It is prolonged exposure to the really nasty stuff that is the real health concern.

If you are losing sleep over it, you can either buy a test kit at a home center, or call in a professional remediation company to do an air quality test. 

But again, even "clean" air has _*some *_mold in it.
.
.
.


----------



## mhp8982 (Sep 3, 2010)

Yeah.. I figure it's probably fine. I'm sure people live in much worse than this and are fine. It's just a few small spots around an area that had water damage like 7 years ago. It's been fixed and dry since. It wasn't even on the carpet or pad. So it's not like it was an extreme amount. So, you guys think we will all be fine from the spores? We don't have any mold allergies.

Do you think what we are doing to these small spots is okay? The Concrobium Mold Killer/Preventer, which I've already done, then the Zinsser Mold killing Primer over that tomorrow? Or is that overkill. Do you think the Concrobium is enough? I just sprayed it for the 2nd time after letting it dry the first time. We will be gone all day tomorrow, so I will do the primer tomorrow night. It should all be dry and dead for sure by then. But do you think I should use the mold killing primer or just use the BIN Shellac?
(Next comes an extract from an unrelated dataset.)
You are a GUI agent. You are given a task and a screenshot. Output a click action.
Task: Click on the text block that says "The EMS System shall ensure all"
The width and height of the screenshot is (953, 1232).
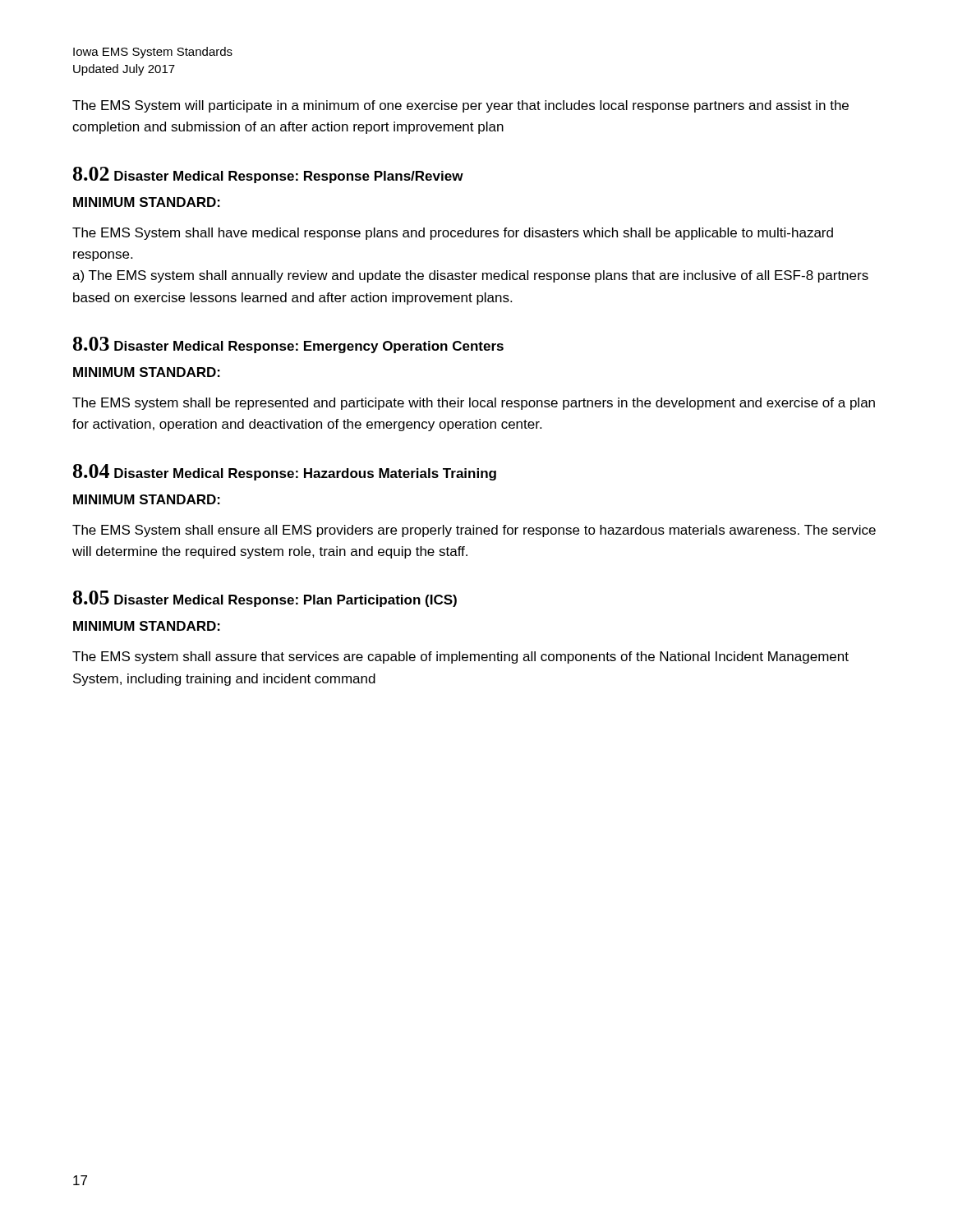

The spots are really in spots that couldn't just be cut out and they are fairly small.. less than 1 square foot for each one.. Some of that floor was already replaced when the water heater damage was repaired. I'm hoping this is okay. We got all the rest of the carpet up and the rest of the floor is perfect. Even these areas are solid and strong. So just wondering what you all think? Carpet goes in on Wednesday.


----------



## mathmonger (Dec 27, 2012)

I don't think mold can grow without water. So if it hasn't had water there in 7 years, I think it is probably pretty dead already.


----------



## ZZZZZ (Oct 1, 2014)

mhp8982 said:


> Yeah.. I figure it's probably fine. I'm sure people live in much worse than this and are fine. It's just a few small spots around an area that had water damage like 7 years ago. It's been fixed and dry since. It wasn't even on the carpet or pad. So it's not like it was an extreme amount. So, you guys think we will all be fine from the spores? We don't have any mold allergies.
> 
> Do you think what we are doing to these small spots is okay? The Concrobium Mold Killer/Preventer, which I've already done, then the Zinsser Mold killing Primer over that tomorrow? Or is that overkill. Do you think the Concrobium is enough? I just sprayed it for the 2nd time after letting it dry the first time. We will be gone all day tomorrow, so I will do the primer tomorrow night. It should all be dry and dead for sure by then. But do you think I should use the mold killing primer or just use the BIN Shellac? The spots are really in spots that couldn't just be cut out and they are fairly small.. less than 1 square foot for each one.. Some of that floor was already replaced when the water heater damage was repaired. I'm hoping this is okay. We got all the rest of the carpet up and the rest of the floor is perfect. Even these areas are solid and strong. So just wondering what you all think? Carpet goes in on Wednesday.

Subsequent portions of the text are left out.